Records from a data source:
□ □ □

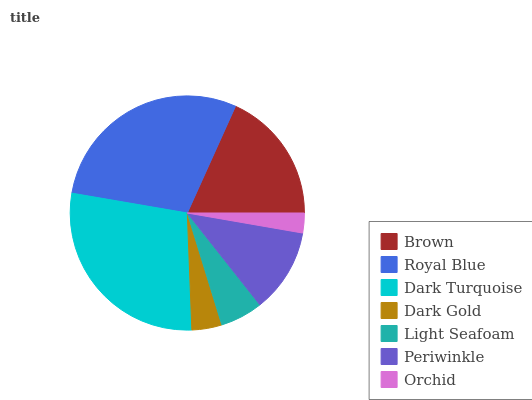Is Orchid the minimum?
Answer yes or no. Yes. Is Royal Blue the maximum?
Answer yes or no. Yes. Is Dark Turquoise the minimum?
Answer yes or no. No. Is Dark Turquoise the maximum?
Answer yes or no. No. Is Royal Blue greater than Dark Turquoise?
Answer yes or no. Yes. Is Dark Turquoise less than Royal Blue?
Answer yes or no. Yes. Is Dark Turquoise greater than Royal Blue?
Answer yes or no. No. Is Royal Blue less than Dark Turquoise?
Answer yes or no. No. Is Periwinkle the high median?
Answer yes or no. Yes. Is Periwinkle the low median?
Answer yes or no. Yes. Is Royal Blue the high median?
Answer yes or no. No. Is Royal Blue the low median?
Answer yes or no. No. 
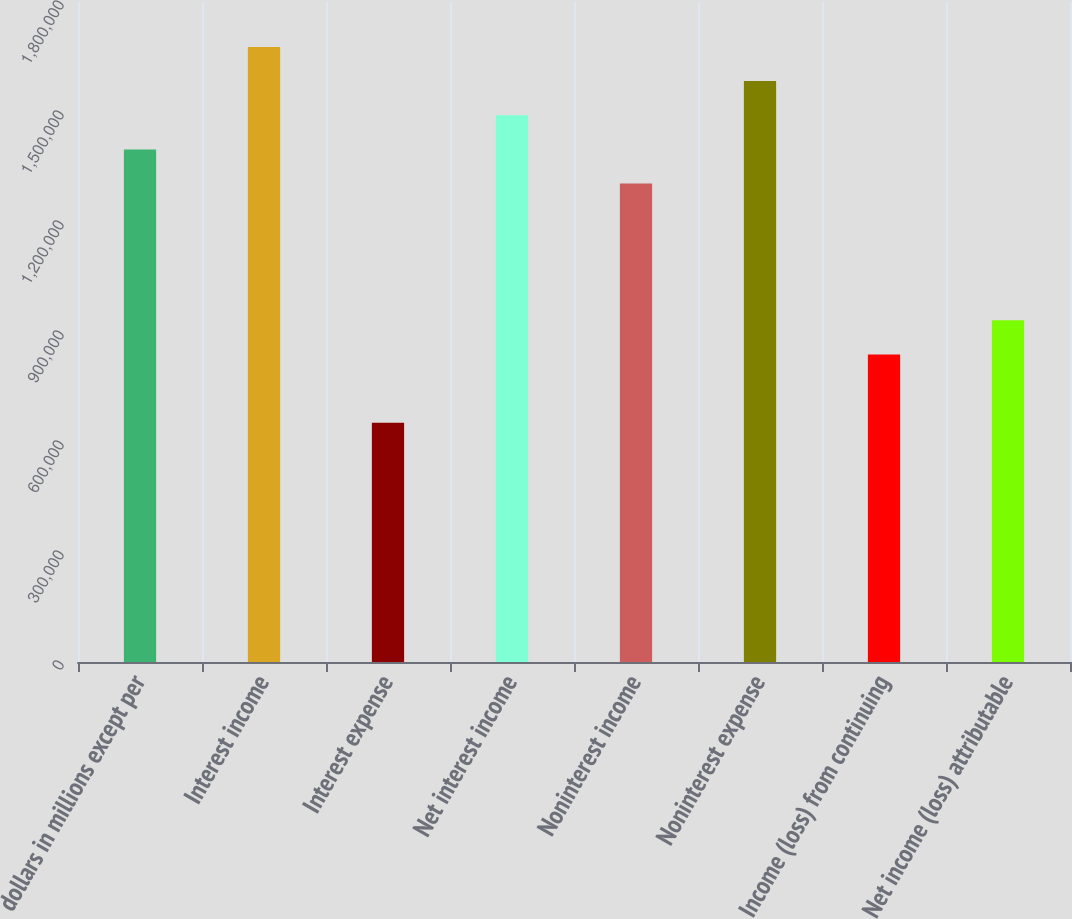Convert chart to OTSL. <chart><loc_0><loc_0><loc_500><loc_500><bar_chart><fcel>dollars in millions except per<fcel>Interest income<fcel>Interest expense<fcel>Net interest income<fcel>Noninterest income<fcel>Noninterest expense<fcel>Income (loss) from continuing<fcel>Net income (loss) attributable<nl><fcel>1.3979e+06<fcel>1.67748e+06<fcel>652354<fcel>1.49109e+06<fcel>1.30471e+06<fcel>1.58429e+06<fcel>838741<fcel>931934<nl></chart> 
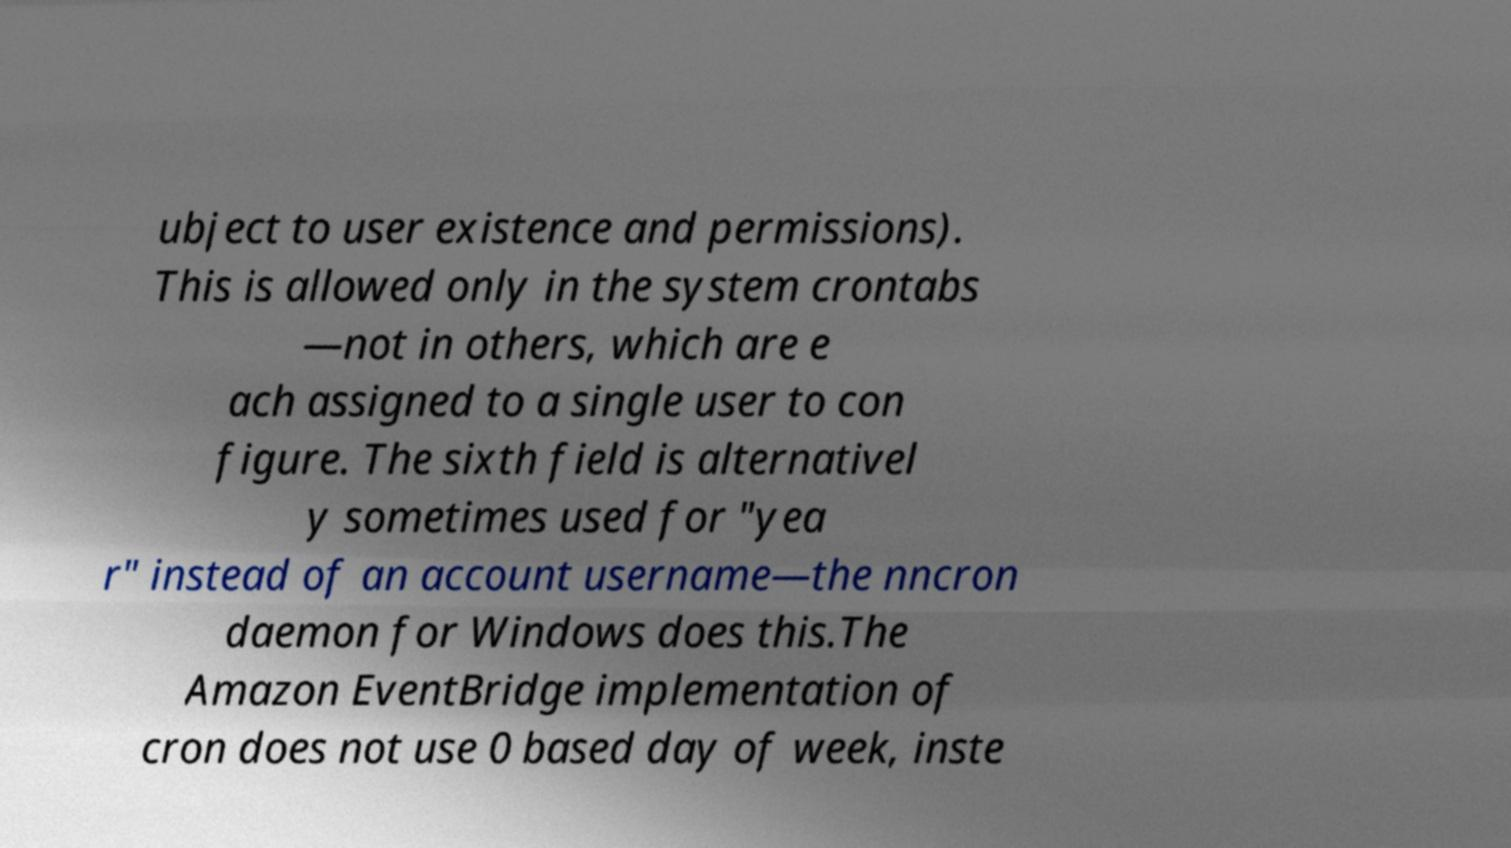Please identify and transcribe the text found in this image. ubject to user existence and permissions). This is allowed only in the system crontabs —not in others, which are e ach assigned to a single user to con figure. The sixth field is alternativel y sometimes used for "yea r" instead of an account username—the nncron daemon for Windows does this.The Amazon EventBridge implementation of cron does not use 0 based day of week, inste 
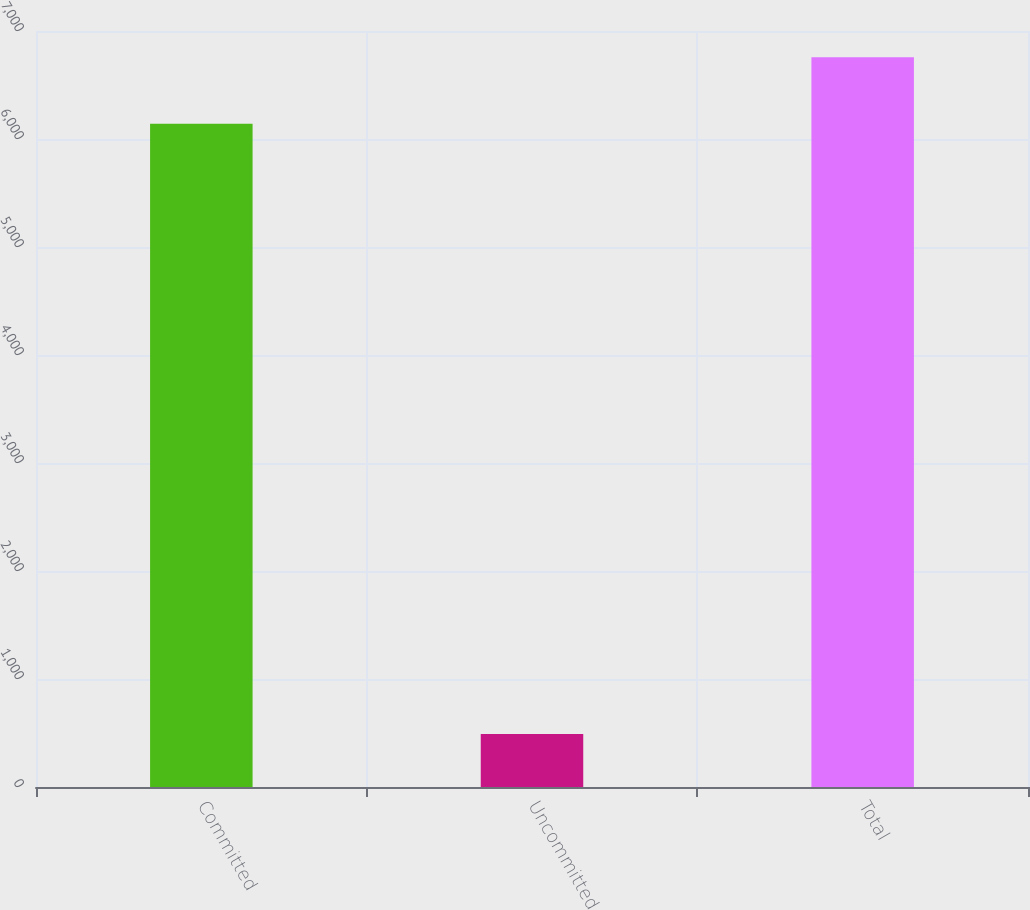<chart> <loc_0><loc_0><loc_500><loc_500><bar_chart><fcel>Committed<fcel>Uncommitted<fcel>Total<nl><fcel>6142<fcel>490<fcel>6756.2<nl></chart> 
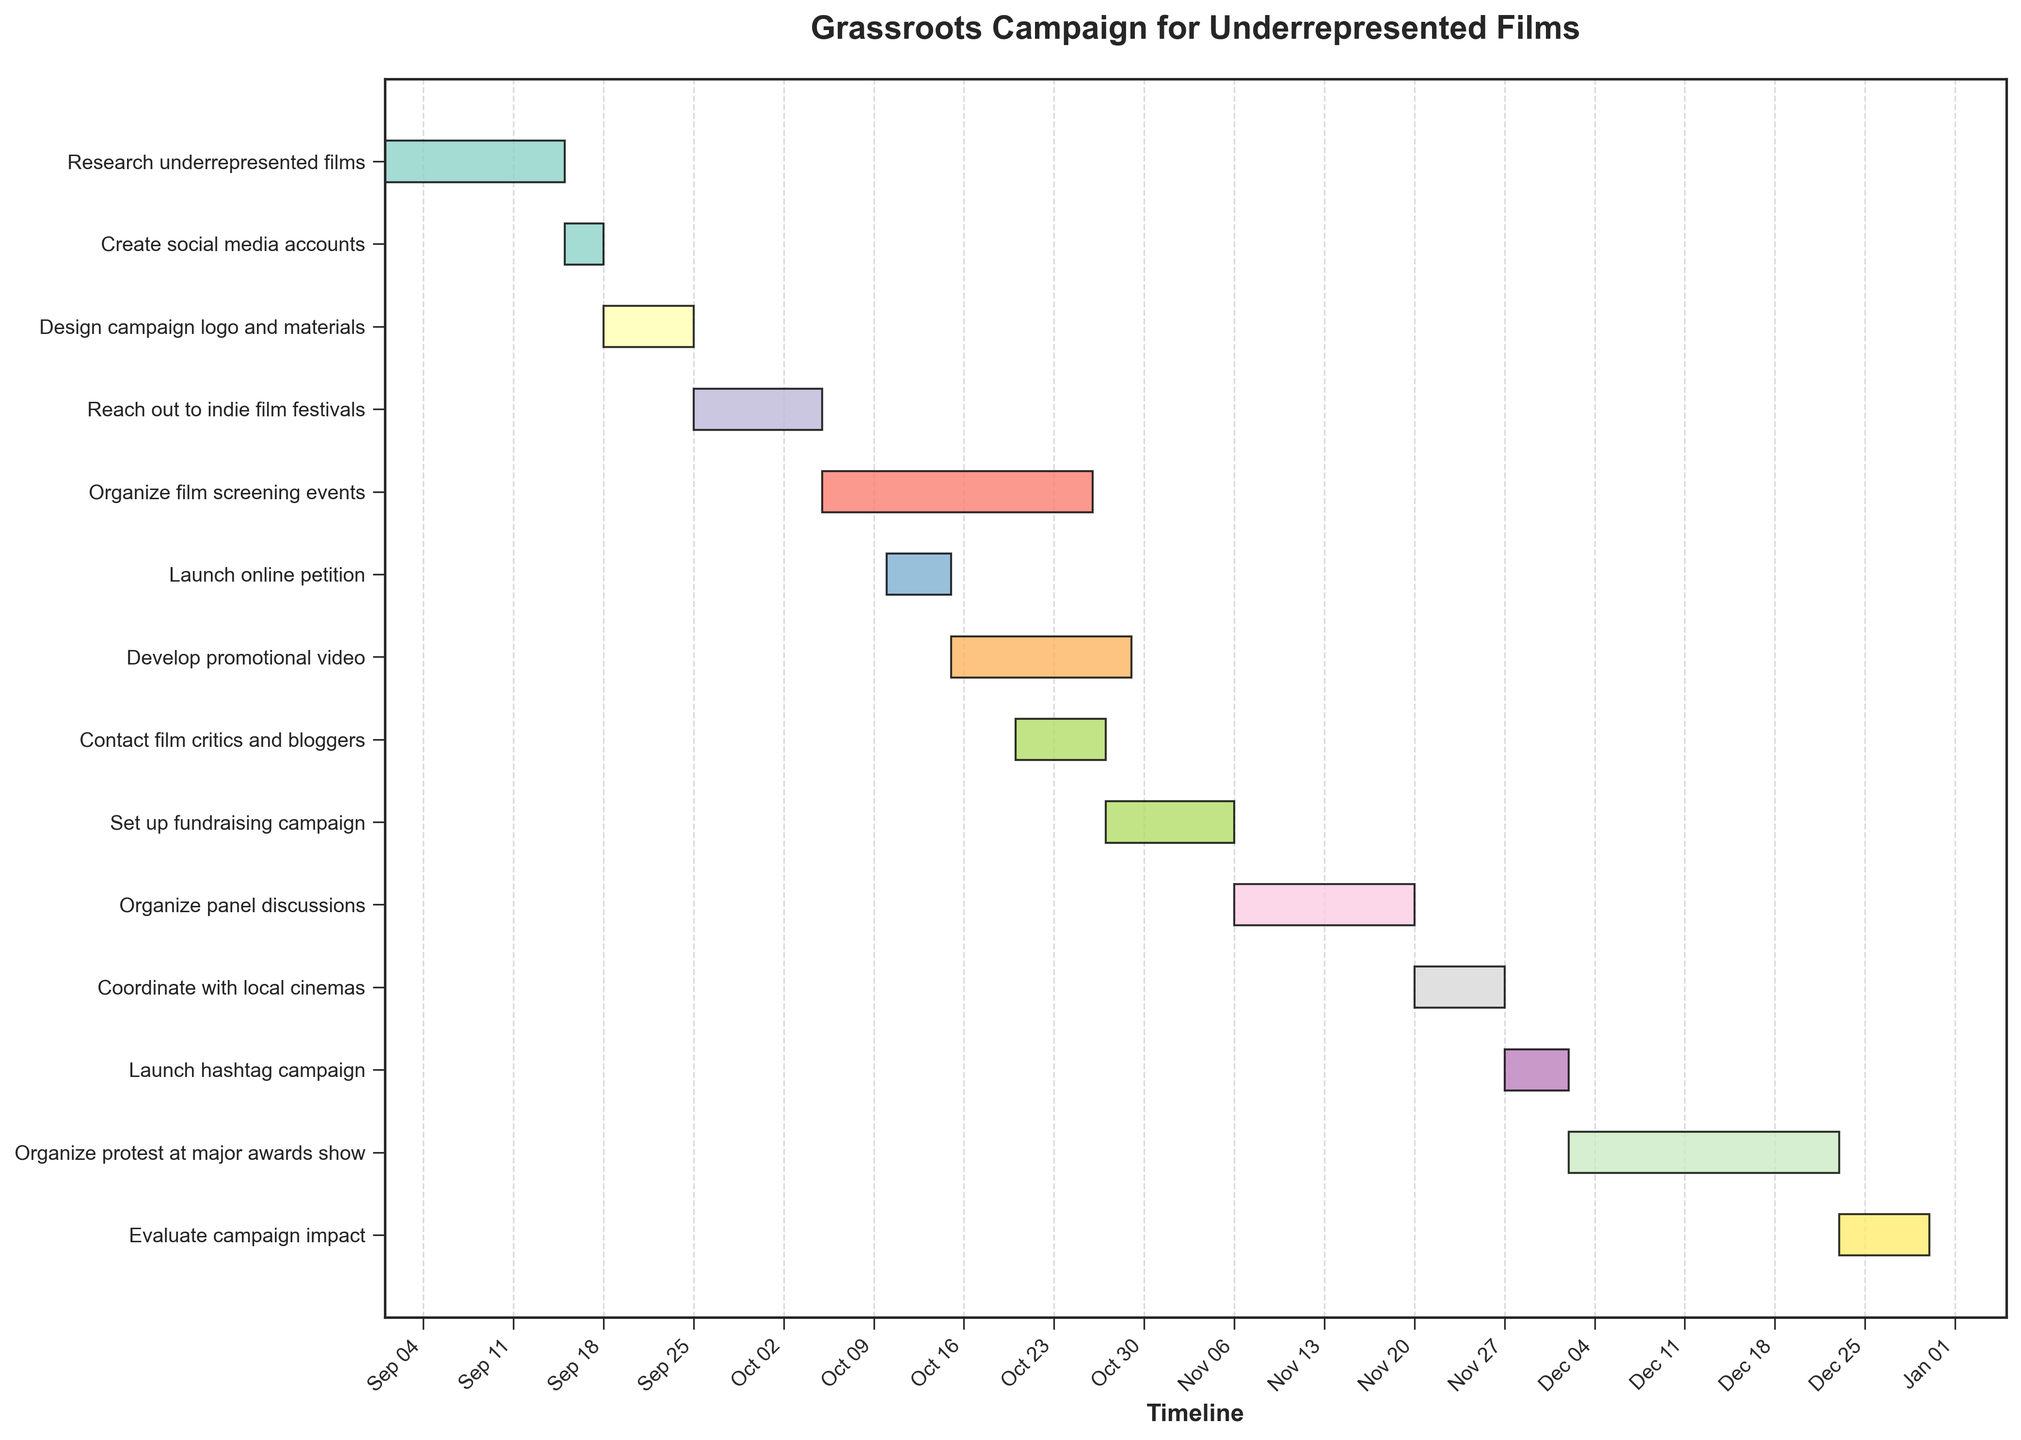What is the title of the chart? The title of the chart is located at the top of the figure. It is usually bold and larger than other text elements. The title provides context or a summary of the chart's purpose.
Answer: Grassroots Campaign for Underrepresented Films Which task starts first in the campaign? To find the first task, look for the earliest date on the horizontal axis and find the corresponding task bar that starts on that date. This task is at the top of the chart, as tasks are sorted by start date.
Answer: Research underrepresented films What is the duration of the "Organize protest at major awards show" task? Find the bar corresponding to "Organize protest at major awards show" and measure its length along the timeline axis. The duration is noted in the data label or by counting the days between its start and end points.
Answer: 21 days During which date range does the "Develop promotional video" task occur? Locate the bar for "Develop promotional video" and note its start and end dates from the horizontal axis.
Answer: Oct 15 to Oct 29 How long is the "Set up fundraising campaign" task? Examine the length of the bar corresponding to "Set up fundraising campaign" and note the number of days it spans on the timeline.
Answer: 10 days Which task overlaps with the "Launch online petition"? Identify the start and end dates of "Launch online petition," then look for other task bars that share any part of this date range.
Answer: Organize film screening events How many tasks begin after November 1st? Count the number of task bars whose start dates are later than November 1st by checking the horizontal axis for dates.
Answer: 6 tasks What is the cumulative duration of all tasks starting in October? Identify tasks that start in October, sum their durations. Tasks are "Organize film screening events," "Launch online petition," "Develop promotional video," "Contact film critics and bloggers." Add durations: 21 + 5 + 14 + 7 days.
Answer: 47 days Which task has the shortest duration and what is it? Compare the duration of all task bars and identify the shortest one.
Answer: Create social media accounts with 3 days How does the task "Coordinate with local cinemas" relate time-wise to "Organize protest at major awards show"? Locate the start and end dates of both tasks to understand their relationship. "Coordinate with local cinemas" starts and ends before "Organize protest at major awards show."
Answer: It ends before the protest begins 
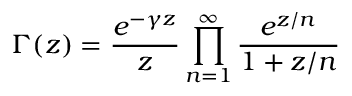Convert formula to latex. <formula><loc_0><loc_0><loc_500><loc_500>\Gamma ( z ) = { \frac { e ^ { - \gamma z } } { z } } \prod _ { n = 1 } ^ { \infty } { \frac { e ^ { z / n } } { 1 + z / n } }</formula>

□ □ □

:: Your objective ::
Pull out each line of the records holding the string "Periwinkle".

:: Exercise answer ::
Answer yes or no. No. Is Periwinkle the high median?
Answer yes or no. Yes. Is Periwinkle the low median?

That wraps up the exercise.